- Le Comité national d'éthique revient sur la décision du gouvernement d'ouvrir la vaccination aux 12-18 ans à compter du 15 juin prochain et regrette que cette décision ait été prise sans attendre ses conclusions.
- Il souligne notamment que le "bénéfice individuel" que les adolescents tireront de la vaccination est faible et craint une "stigmatisation" de ceux ne souhaitant pas se faire vacciner.
- Il estime aussi que cette ouverture vaccinale en pleine décrue de l'épidémie n'est pas nécessairement opportune, et plaide pour "un suivi de pharmacovigilance sur le moyen et long terme chez les adolescents vaccinés".
"Y a-t-il une urgence absolue à commencer la vaccination dès maintenant, alors que plusieurs indicateurs sont au vert et que la rentrée scolaire de septembre pourrait signer le début de la campagne ?"
Dans un communiqué daté du 9 juin, le Comité national d'éthique (CCNE), pour mission de donner des avis sur les problèmes éthiques et les questions de société, a émis des réserves sur l’ouverture prochaine de la vaccination aux adolescents. Alors qu’Emmanuel Macron a annoncé le 2 juin au 20 Heures de TF1 que les 12-18 seraient éligibles dès le 15 juin, l’organe consultatif regrette que "les décisions aient été prises si rapidement", avant même qu’il ne puisse rendre son avis.
Un bénéfice individuel "limité pour la santé physique" chez les ados
Dans son avis rendu hier, le CCNE souligne bien l’importance de la vaccination, indispensable pour endiguer l’épidémie de Covid-19. Il rappelle cependant que "les formes graves de l’infection sont très rares chez les moins de 18 ans", et qu’en conséquence, "le bénéfice individuel tiré de la vaccination" est "limité pour la santé physique".
Toutefois, rappelle le comité, "les conséquences de la pandémie sur la santé psychologique et mentale des enfants, et surtout des adolescents, sont profondes et probablement durables". Leur ouvrir la vaccination permettra de souligner "qu’ils ont pleinement participé à l’effort collectif destiné à protéger leurs aînés et les plus fragiles d’entre nous", et aidera à atteindre l’immunité collective. Objectif qui "ne pourra être atteint que par la seule vaccination des adultes".

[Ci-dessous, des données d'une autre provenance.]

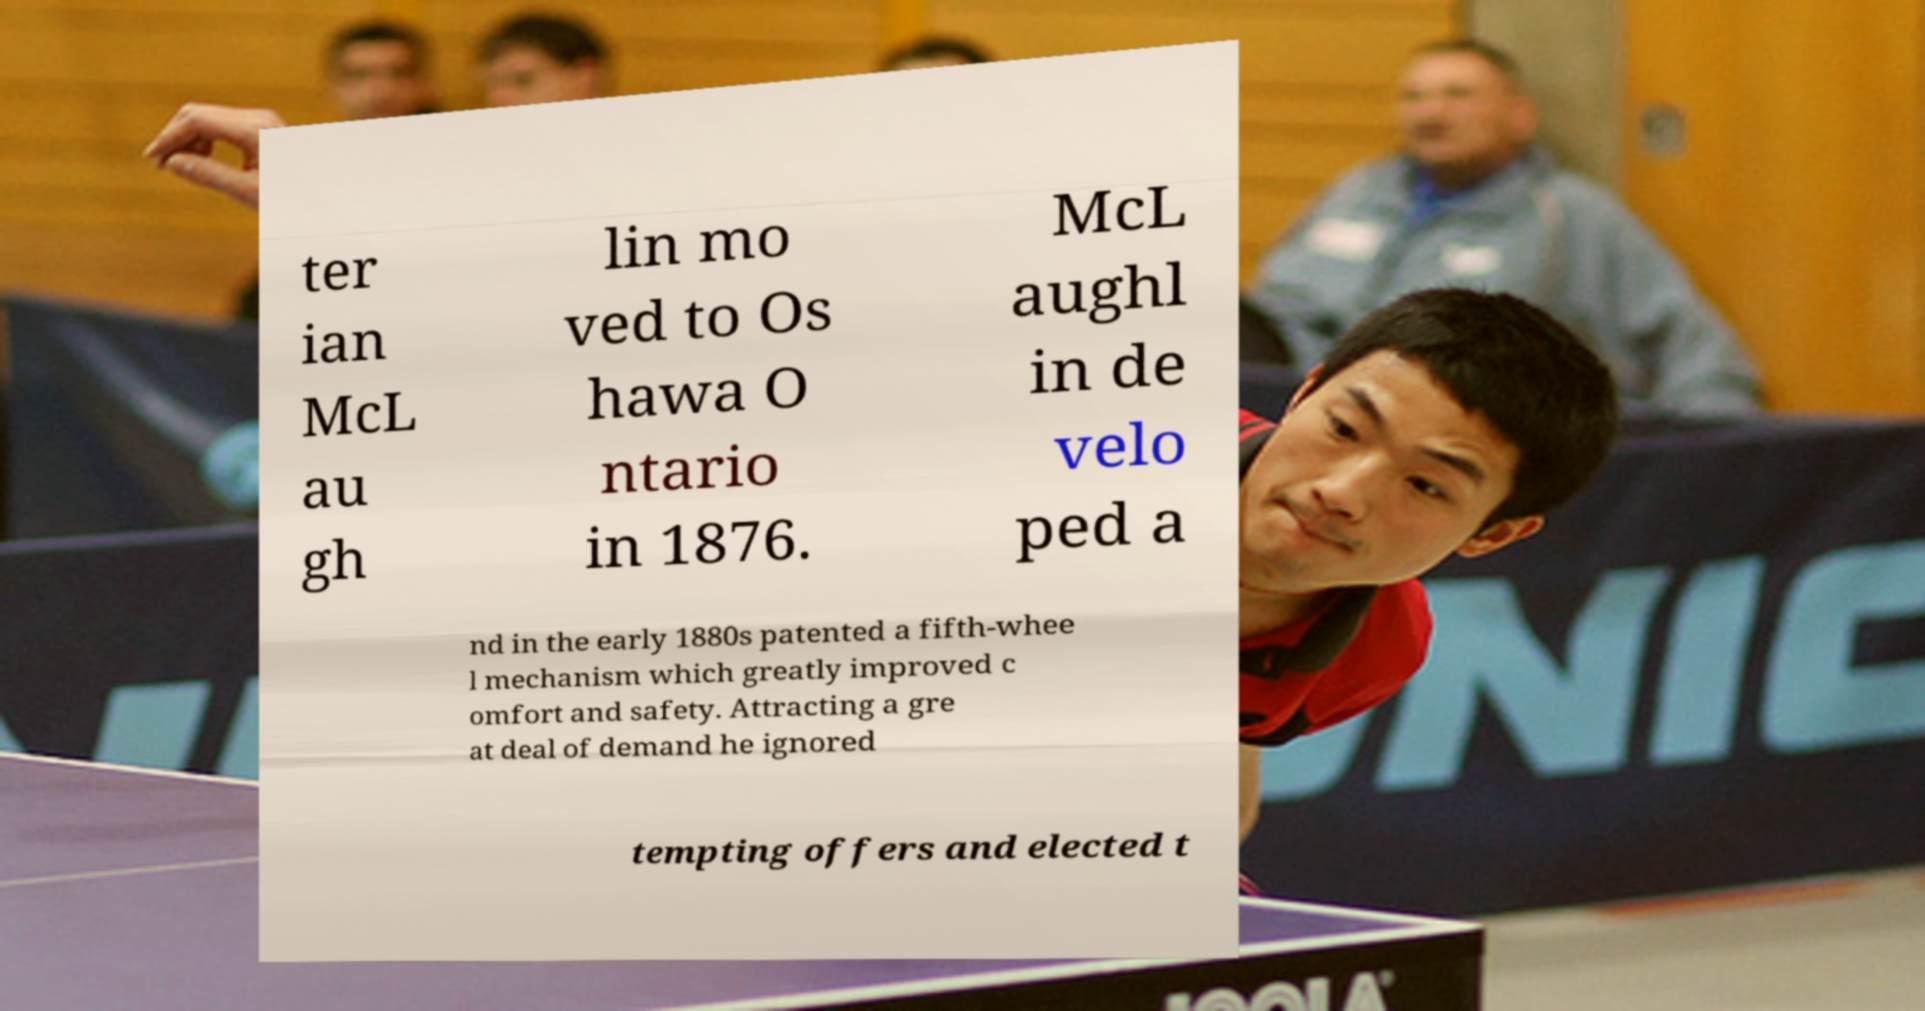I need the written content from this picture converted into text. Can you do that? ter ian McL au gh lin mo ved to Os hawa O ntario in 1876. McL aughl in de velo ped a nd in the early 1880s patented a fifth-whee l mechanism which greatly improved c omfort and safety. Attracting a gre at deal of demand he ignored tempting offers and elected t

Un risque de stigmatisation des ados non vaccinés
Subsistent néanmoins des questions, que posent explicitement le CCNE. "Est-il éthique de faire porter aux mineurs la responsabilité, en termes de bénéfice collectif, du refus de la vaccination (ou de la difficulté d’y accéder) d'une partie de la population adulte ? N’y a-t-il pas une sorte d’incitation à la vaccination pour retrouver liberté et retour à la vie normale ?", s’interroge-t-il. Car si la vaccination des adolescents se fera "sur la base du volontariat et avec l’accord des parents", le "risque de stigmatisation" des jeunes ne souhaitant pas y avoir recours est grand, estime l’organe consultatif. "Ne risque-t-on pas de briser leur confiance si le retour à la vie normale était compromis par l’arrivée de nouveaux variants ?"
Enfin, rappelle le CCNE, la question du calendrier dicté par le gouvernement se pose. "Y a-t -il une urgence absolue à commencer la vaccination dès maintenant, alors que plusieurs indicateurs sont au vert et que la rentrée scolaire de septembre pourrait signer le début de la campagne ?" Il préconise donc un "un suivi de pharmacovigilance sur le moyen et long terme chez les adolescents vaccinés", et conseille "que la stratégie 'Tester, tracer, isoler' soit optimisée chez les mineurs afin qu’elle soit éventuellement envisagée comme une stratégie alternative à la vaccination".